[ACTION ITEM]
From the records beneath, determine how many lines contain "view" and report only that figure.

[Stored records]
★ ★ ★

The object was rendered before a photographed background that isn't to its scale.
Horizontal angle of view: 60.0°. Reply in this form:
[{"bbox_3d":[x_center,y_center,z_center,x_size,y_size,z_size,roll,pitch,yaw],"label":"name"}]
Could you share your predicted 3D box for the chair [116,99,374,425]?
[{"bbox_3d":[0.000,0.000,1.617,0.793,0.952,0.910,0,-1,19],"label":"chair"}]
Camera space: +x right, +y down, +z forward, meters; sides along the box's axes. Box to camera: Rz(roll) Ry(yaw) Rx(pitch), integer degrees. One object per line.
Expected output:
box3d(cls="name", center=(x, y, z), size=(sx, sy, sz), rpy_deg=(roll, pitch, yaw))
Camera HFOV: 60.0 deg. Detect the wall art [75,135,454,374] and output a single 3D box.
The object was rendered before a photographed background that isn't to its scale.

★ ★ ★

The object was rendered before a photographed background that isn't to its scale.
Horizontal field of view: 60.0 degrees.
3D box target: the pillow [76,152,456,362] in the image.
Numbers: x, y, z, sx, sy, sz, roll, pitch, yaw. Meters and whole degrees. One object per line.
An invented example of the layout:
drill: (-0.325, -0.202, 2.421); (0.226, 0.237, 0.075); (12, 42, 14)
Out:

★ ★ ★

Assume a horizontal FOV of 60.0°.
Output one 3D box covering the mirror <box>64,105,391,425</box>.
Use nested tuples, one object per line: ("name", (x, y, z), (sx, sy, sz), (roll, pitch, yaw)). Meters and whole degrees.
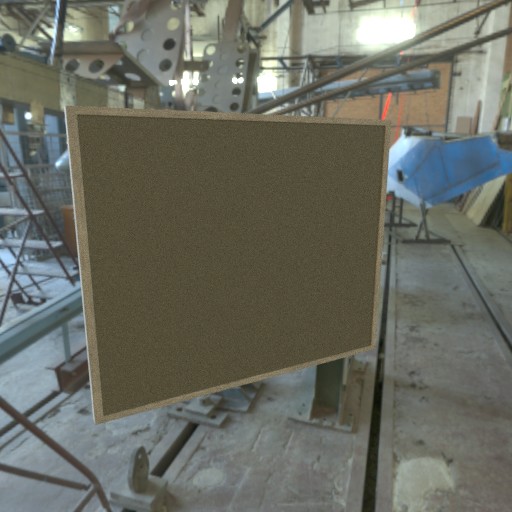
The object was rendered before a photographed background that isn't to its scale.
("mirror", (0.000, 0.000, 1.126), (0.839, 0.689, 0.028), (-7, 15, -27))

★ ★ ★

[THE ANSWER]
2